The Justice Department just unveiled an 18 count indictment against WikiLeaks founder Julian Assange for his role in eliciting classified documents that exposed U.S. government sources in the Middle East. You can read the full indictment below.
John Demers, the head of the Justice Department’s National Security Division, said that Assange published a “narrow subset” of documents that revealed the identity of sources in Afghanistan and Iraq. Demers said that no “responsible” journalist would have published these documents.
“The department takes seriously the role of journalists in our democracy and we thank you for it,” Demers said. “It has not and never has been the department’s policy to target them for reporting. But Julian Assange is no journalist.”
Wikileaks responded on Twitter: “This is madness. It is the end of national security journalism and the first amendment.”

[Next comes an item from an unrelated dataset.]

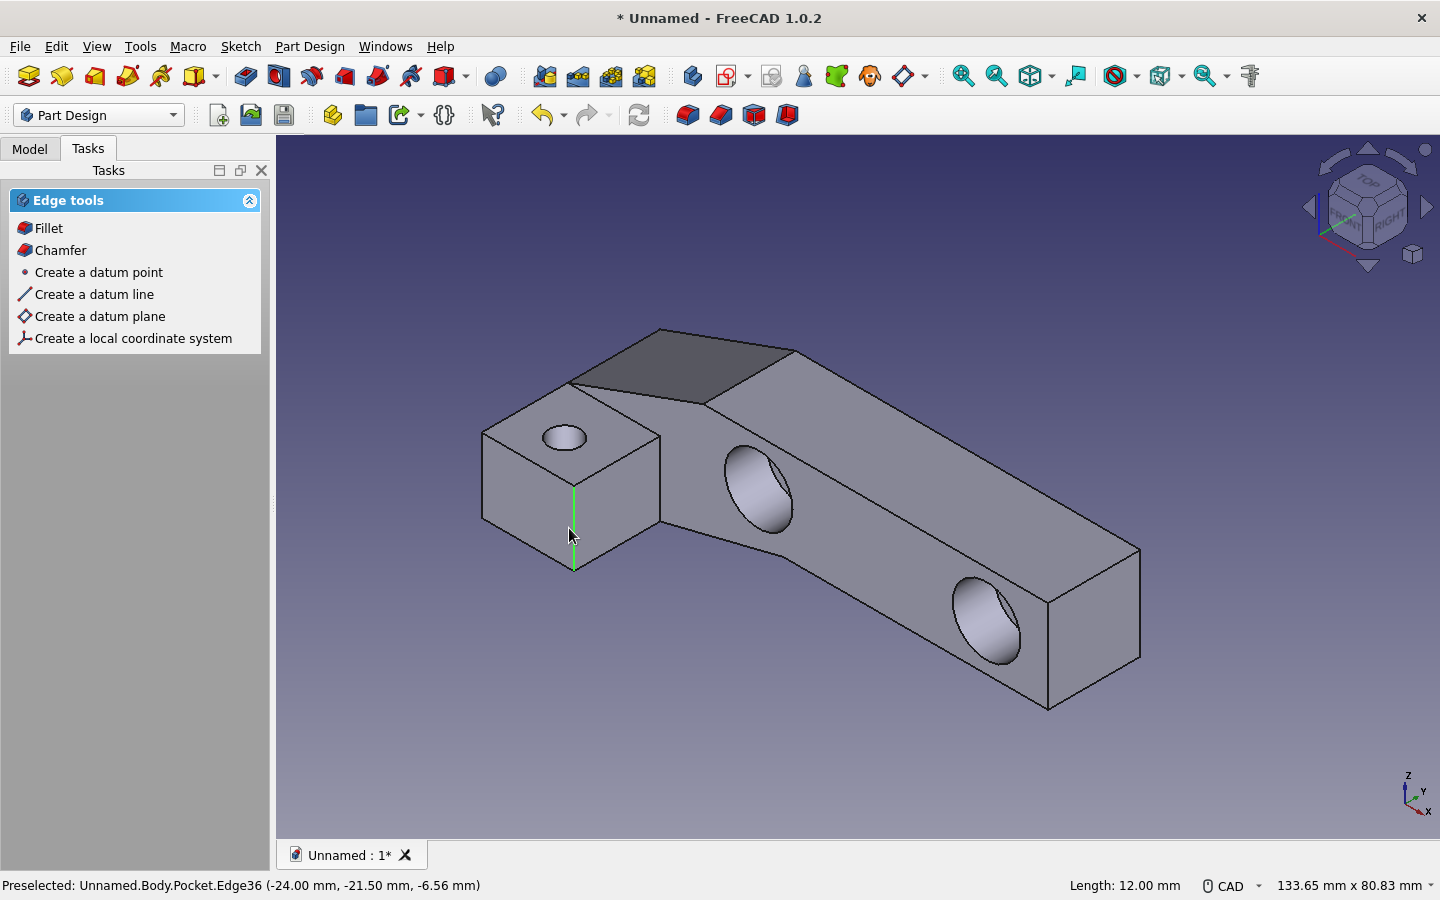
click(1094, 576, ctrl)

This is madness. It is the end of national security journalism and the first amendment. https://t.co/wlhsmsenFw
— WikiLeaks (@wikileaks) May 23, 2019
The superseding indictment just unsealed against Julian Assange is exactly what the first indictment wasn't:
17 of the 18 charges are for violating the Espionage Act, under which there's never previously been a successful prosecution of a third party (as opposed to the leaker). pic.twitter.com/xobXJpavXU
— Steve Vladeck (@steve_vladeck) May 23, 2019
As I predicted, DOJ added many additional charges against Julian Assange. Their initial charge was risky and had evidentiary issues, given that Assange's alleged co-conspirator is unwilling to cooperate with DOJ.
I expect DOJ to use this new leverage to push him to plead guilty. https://t.co/QZZAlRKmgI
— Renato Mariotti (@renato_mariotti) May 23, 2019
This indictment comes after Assange was indicted in April on one count of conspiracy to commit computer intrusion for his role in Chelsea Manning‘s leaking of thousands of highly sensitive government documents in 2010. The main allegation in that indictment is that in March 2010, “Assange agreed to assist Manning in cracking a password stored on United States Department of Defense Computers connected to the Secret Internet Protocol Network,” which is used to handle classified documents. This agreement happened after Manning had already given WikiLeaks hundreds of thousands of documents.
There were hints that the government was seeking new charges against Assange when Manning was served with a subpoena for her testimony against Assange. Assange allegedly helped Manning hack government computers, tried to hide Manning’s role in leaks, and encouraged her continue leaking. Last week, Chelsea Manning was jailed for refusing to comply with the subpoena.